(Dataset records)

*** Block opens ***

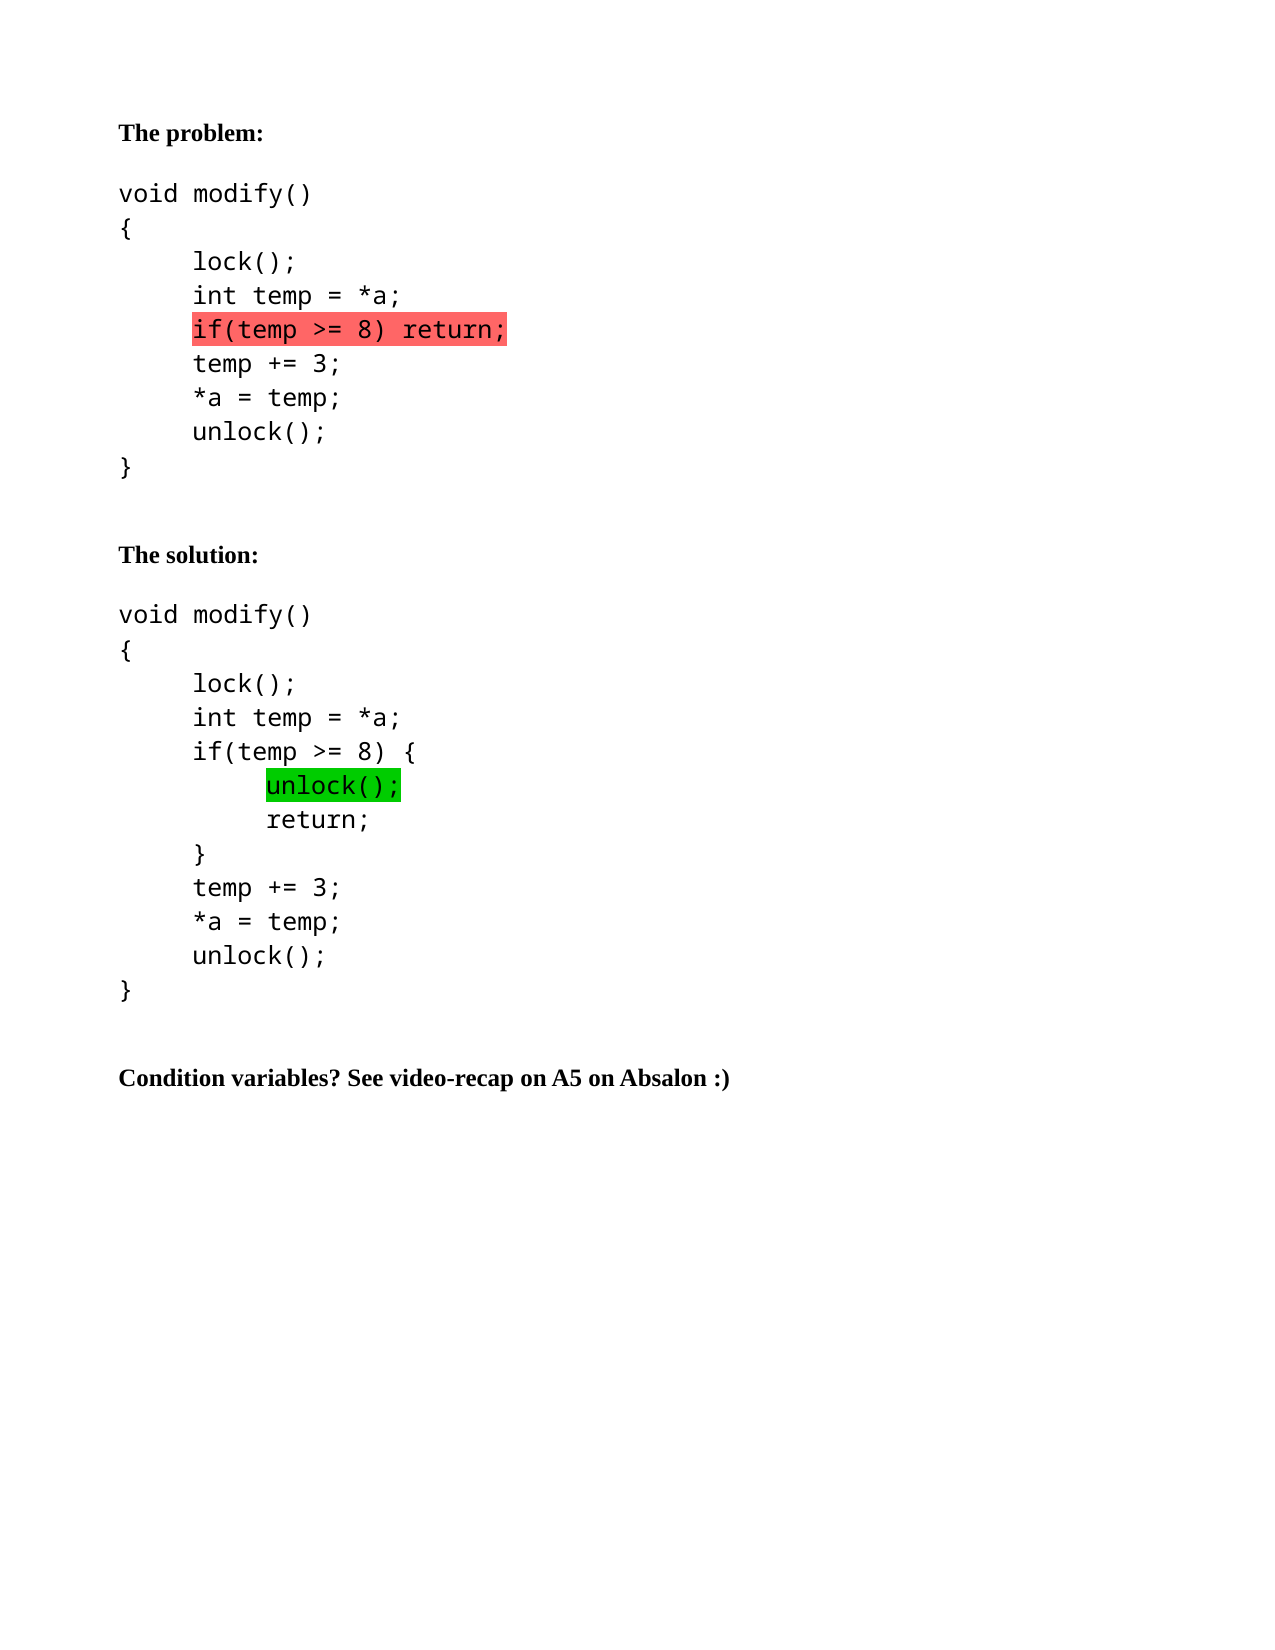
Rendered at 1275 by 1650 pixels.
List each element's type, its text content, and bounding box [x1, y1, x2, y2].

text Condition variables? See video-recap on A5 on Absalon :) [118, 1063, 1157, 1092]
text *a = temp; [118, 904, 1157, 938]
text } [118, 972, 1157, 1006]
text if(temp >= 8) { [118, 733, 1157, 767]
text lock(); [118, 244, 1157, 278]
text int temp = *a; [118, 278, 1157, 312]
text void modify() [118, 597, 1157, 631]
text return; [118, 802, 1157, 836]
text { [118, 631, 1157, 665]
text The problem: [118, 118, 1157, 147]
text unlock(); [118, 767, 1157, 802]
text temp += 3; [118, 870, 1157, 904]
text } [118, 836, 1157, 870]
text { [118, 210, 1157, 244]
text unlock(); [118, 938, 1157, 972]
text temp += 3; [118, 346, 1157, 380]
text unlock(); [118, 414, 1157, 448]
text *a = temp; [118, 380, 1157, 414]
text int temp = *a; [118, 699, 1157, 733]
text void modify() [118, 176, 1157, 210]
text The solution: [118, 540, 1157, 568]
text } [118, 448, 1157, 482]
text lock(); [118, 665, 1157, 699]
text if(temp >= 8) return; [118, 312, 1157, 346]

*** Block closes ***
*** Block opens ***

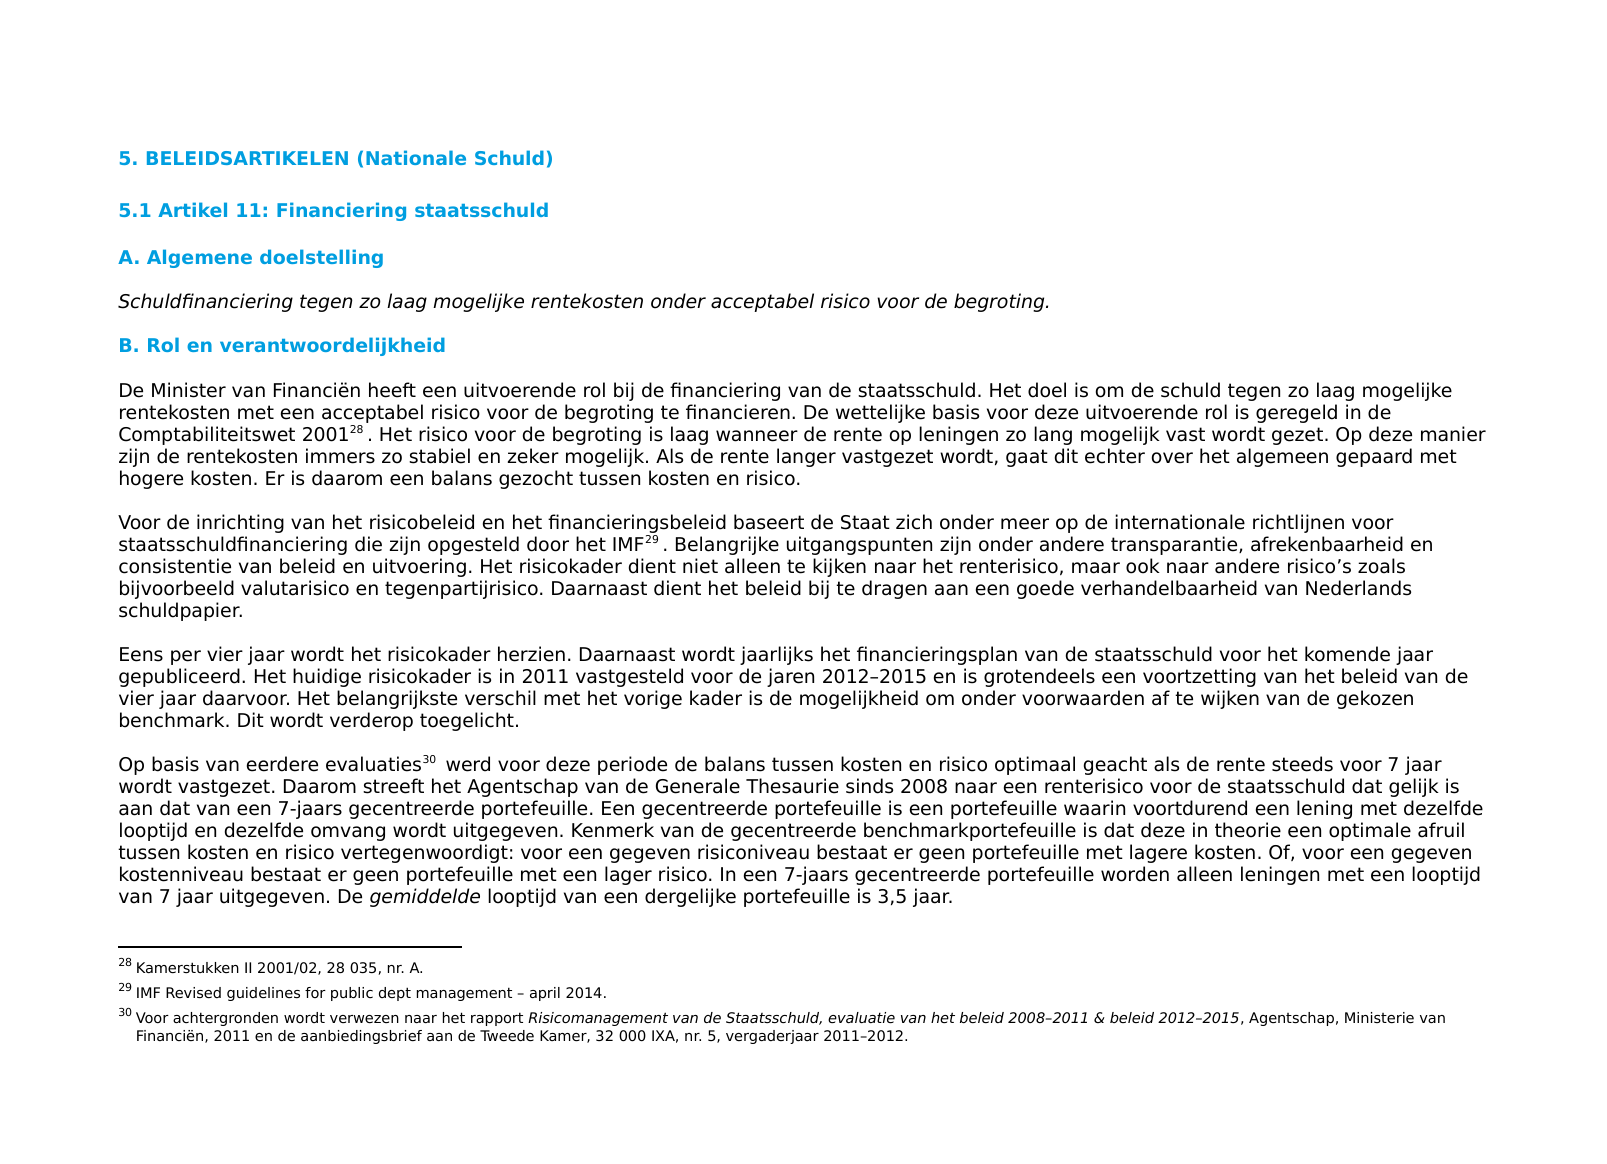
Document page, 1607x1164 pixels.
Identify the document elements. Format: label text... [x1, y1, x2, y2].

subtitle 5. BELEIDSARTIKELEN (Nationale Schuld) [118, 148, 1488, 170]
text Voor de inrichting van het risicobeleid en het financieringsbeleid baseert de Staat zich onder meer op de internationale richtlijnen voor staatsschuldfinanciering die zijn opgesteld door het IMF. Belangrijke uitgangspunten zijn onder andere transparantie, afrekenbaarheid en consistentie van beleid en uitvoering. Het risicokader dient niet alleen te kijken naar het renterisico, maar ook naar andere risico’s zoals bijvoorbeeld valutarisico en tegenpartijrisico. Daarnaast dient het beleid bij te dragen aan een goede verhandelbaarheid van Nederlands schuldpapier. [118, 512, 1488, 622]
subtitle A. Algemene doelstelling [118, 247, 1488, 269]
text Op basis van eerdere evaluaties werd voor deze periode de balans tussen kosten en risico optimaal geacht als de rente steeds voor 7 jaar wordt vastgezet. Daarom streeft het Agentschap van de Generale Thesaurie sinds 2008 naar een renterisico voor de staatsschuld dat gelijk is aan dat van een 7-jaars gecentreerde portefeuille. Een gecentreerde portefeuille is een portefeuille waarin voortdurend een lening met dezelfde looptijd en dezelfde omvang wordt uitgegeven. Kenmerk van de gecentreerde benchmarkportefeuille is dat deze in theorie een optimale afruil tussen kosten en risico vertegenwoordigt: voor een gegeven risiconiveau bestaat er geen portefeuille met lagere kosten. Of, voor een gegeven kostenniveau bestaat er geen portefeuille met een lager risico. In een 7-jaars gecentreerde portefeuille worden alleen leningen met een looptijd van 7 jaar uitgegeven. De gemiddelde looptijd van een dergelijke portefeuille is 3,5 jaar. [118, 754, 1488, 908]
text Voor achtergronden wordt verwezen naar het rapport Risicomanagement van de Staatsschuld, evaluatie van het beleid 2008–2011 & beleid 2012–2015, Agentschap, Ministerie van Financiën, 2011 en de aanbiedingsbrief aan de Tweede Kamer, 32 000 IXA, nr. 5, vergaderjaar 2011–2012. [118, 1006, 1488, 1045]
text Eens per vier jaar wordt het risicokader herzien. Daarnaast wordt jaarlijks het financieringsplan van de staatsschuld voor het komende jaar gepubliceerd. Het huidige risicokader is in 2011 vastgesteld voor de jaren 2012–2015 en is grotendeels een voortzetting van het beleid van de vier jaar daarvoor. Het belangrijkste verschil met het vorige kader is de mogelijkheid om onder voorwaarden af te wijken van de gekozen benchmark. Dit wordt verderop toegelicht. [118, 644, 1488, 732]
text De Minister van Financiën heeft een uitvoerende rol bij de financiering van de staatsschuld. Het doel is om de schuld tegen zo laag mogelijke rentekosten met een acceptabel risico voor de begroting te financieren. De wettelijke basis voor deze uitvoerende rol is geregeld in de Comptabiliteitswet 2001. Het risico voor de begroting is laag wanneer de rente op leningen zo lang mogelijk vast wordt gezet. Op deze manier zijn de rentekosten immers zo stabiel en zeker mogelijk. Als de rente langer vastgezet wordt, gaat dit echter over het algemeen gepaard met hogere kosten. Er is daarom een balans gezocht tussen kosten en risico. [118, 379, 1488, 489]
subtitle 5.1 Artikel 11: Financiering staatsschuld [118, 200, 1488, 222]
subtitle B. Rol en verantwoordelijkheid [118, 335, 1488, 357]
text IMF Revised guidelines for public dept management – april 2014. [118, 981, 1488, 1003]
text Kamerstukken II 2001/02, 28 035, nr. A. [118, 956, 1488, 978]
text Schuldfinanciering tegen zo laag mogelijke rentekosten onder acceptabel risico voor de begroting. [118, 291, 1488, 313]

*** Block closes ***

**WHAT YOU NEED TO DO**
Using the records above, say how many lines contain the word "subtitle". Write the number alone.

**TASK RESULT**
4